Так размышлял про себя Иван Васильевич, мирно покачиваясь в седле, пока не достиг заветного крыльца, на котором его поджидали мать, супруга с полуторагодовалой дочерью Еленой на руках да митрополит с боярами и дьяками. Все они низко склонились в поклоне, раболепно опустив очи перед князем. Княгиня Софья легонько подтолкнула дочь к отцу, и девочка сделала несколько неуверенных шажков, но остановилась: все для нее было непонятным и потому пугающим.
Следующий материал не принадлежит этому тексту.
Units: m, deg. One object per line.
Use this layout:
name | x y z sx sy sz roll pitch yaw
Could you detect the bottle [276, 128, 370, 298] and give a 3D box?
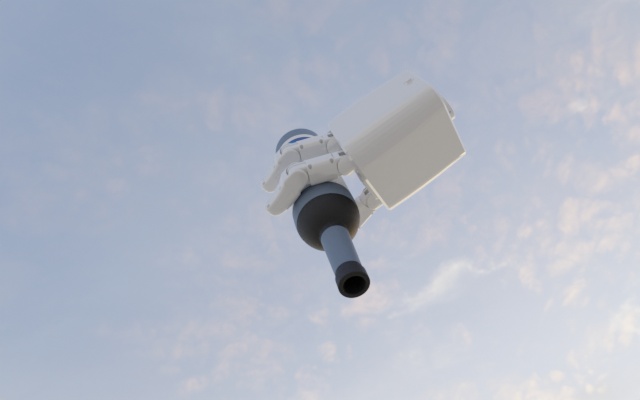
bottle | 0.000 0.002 0.515 0.069 0.069 0.295 0 27 -12
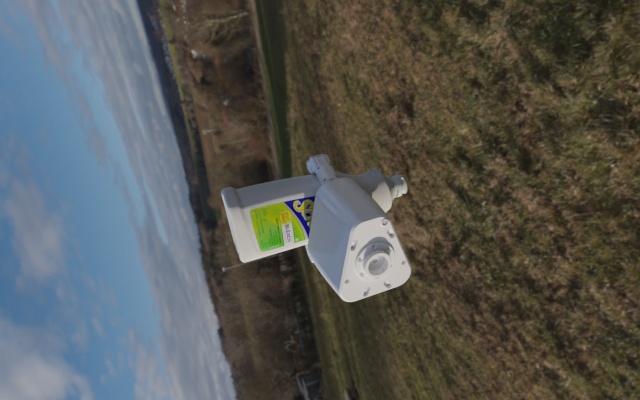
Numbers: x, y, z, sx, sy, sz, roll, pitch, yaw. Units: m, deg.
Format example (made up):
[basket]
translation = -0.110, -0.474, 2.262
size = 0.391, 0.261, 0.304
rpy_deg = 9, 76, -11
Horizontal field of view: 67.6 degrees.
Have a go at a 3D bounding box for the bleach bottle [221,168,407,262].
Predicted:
[bleach bottle]
translation = 0.000, 0.002, 0.655
size = 0.251, 0.103, 0.068
rpy_deg = -16, 27, -14
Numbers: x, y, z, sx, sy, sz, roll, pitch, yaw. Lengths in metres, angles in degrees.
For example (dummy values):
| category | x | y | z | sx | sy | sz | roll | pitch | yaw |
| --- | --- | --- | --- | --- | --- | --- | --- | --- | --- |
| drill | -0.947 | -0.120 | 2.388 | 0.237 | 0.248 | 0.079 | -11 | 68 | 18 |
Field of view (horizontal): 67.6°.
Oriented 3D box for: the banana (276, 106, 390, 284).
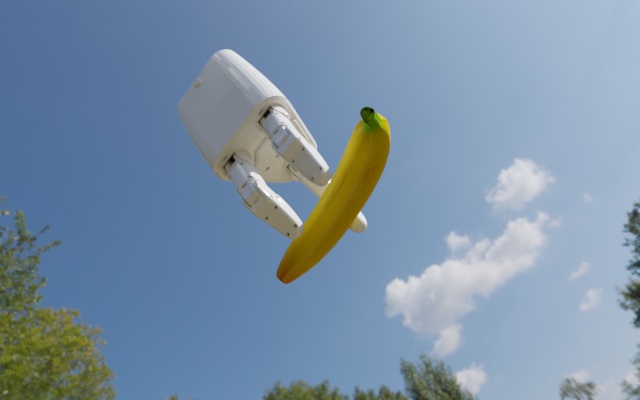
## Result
| category | x | y | z | sx | sy | sz | roll | pitch | yaw |
| --- | --- | --- | --- | --- | --- | --- | --- | --- | --- |
| banana | 0.015 | -0.004 | 0.424 | 0.069 | 0.198 | 0.037 | -13 | 49 | -43 |
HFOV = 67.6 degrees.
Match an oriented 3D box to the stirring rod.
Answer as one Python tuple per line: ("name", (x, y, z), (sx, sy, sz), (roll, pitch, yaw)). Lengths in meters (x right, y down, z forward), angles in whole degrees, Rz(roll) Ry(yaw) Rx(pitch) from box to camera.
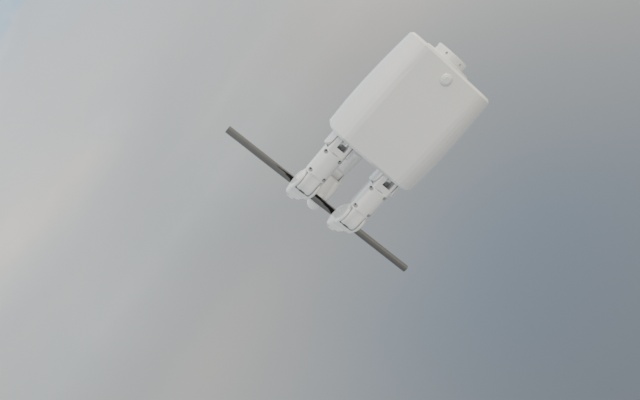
("stirring rod", (0.000, 0.002, 0.500), (0.239, 0.011, 0.011), (38, -9, -11))
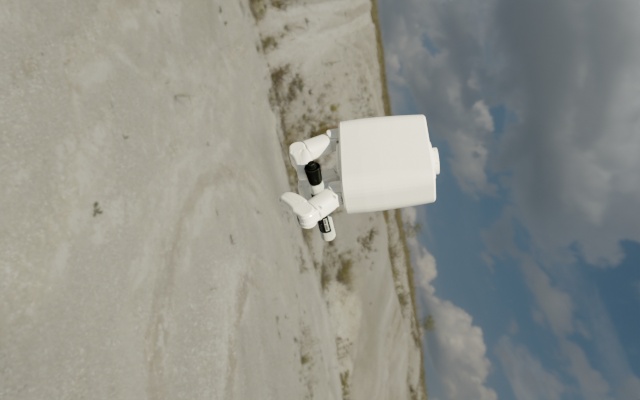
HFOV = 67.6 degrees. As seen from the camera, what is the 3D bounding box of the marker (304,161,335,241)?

Иван Васильевич не стал ждать дочь, сам ринулся ей навстречу, взял, прижал к своей груди, что не ускользнуло от взгляда Ивана Младого и Марфы Семеновны: первый почувствовал глубоко засевшую, скрывающую ревность к отцу, другая вспомнила собственных детей – давно ли сама баюкала их на руках?

Елена ухватилась ручками за ворот зимнего кафтана Ивана Васильевича, робко, по-младенчески проговорила:

– Папа… папа…

– Ах, голубка моя, красавица любимая, – шептал ей на ушко князь, целуя в детские круглые щеки.
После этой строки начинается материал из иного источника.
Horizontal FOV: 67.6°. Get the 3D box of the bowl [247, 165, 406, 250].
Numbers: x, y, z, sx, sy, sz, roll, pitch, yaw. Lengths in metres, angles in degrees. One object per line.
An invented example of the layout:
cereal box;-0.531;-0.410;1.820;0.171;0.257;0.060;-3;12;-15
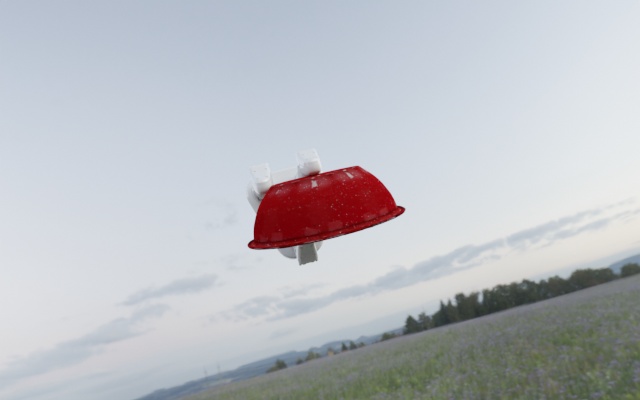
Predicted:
bowl;0.000;0.001;0.477;0.162;0.055;0.162;-13;5;1
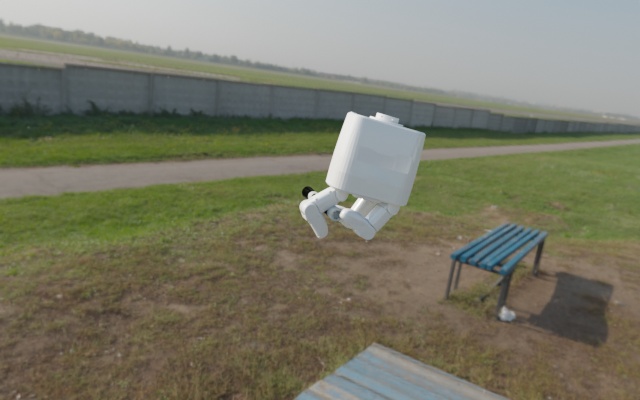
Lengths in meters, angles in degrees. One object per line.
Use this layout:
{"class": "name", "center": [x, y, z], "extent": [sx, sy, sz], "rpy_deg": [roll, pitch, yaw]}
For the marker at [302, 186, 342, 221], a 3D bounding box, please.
{"class": "marker", "center": [0.000, 0.002, 0.711], "extent": [0.020, 0.020, 0.121], "rpy_deg": [0, 17, -24]}

После того, как им пришлось похоронить двух первых дочерей Анну и Елену, что умерли во младенчестве несколько лет назад, третья дочь была окружена заботой и лаской и посему, оставшаяся в живых, стала всеобщей любимицей княжеской семьи. Однако отношения между старшим сыном князя и Софьей, до этого прохладные, стали враждебными, однако они всячески скрывали это, не давая ненависти перерасти в войну.

Старая княгиня Мария Ярославна, благословив вернувшегося из похода сына, указала перстом в сторону Марфы Семеновны и громко, дабы та услышала все, спросила:

– Что прикажешь делать с бунтовщиками, княже? Казнишь аль помилуешь? – и с усмешкой взглянула на новгородскую боярыню, желая прочитать на ее лице страх и ужас.

Однако Марфа даже в поражении была горда и непреклонна, с ненавистью взглянула она на своих врагов, мысленно уже простившись с этим миром. «Господи, – взмолилась она в глубине сердца, – позволь мне умереть прямо сейчас, да прости все мои грехи вольные и невольные, и да позволь мне войти в Царство Божье». В раздумиях о вечности женщина не сразу расслышала голос князя, который в окружении бояр и владык стоял на ступенях крыльца, возвышаясь надо всеми. Гордым, непреклонным голосом вопросил он пленницу:

– Ты, Марфа, выступила против меня, отказавшись подчиняться, сносилась с польским королем Казимиром, желая погибели моей. Однако Господь был на моей стороне, а твой город подчинен, казна твоя разграблена, а сама ты стоишь передо мной со связанными руками. Как пленницу я должен казнить тебя, но прежде всего ты женщина, а с женщинами я не воюю. И почему хочу спросить тебя: чего жаждет душа твоя? Говори, не бойся.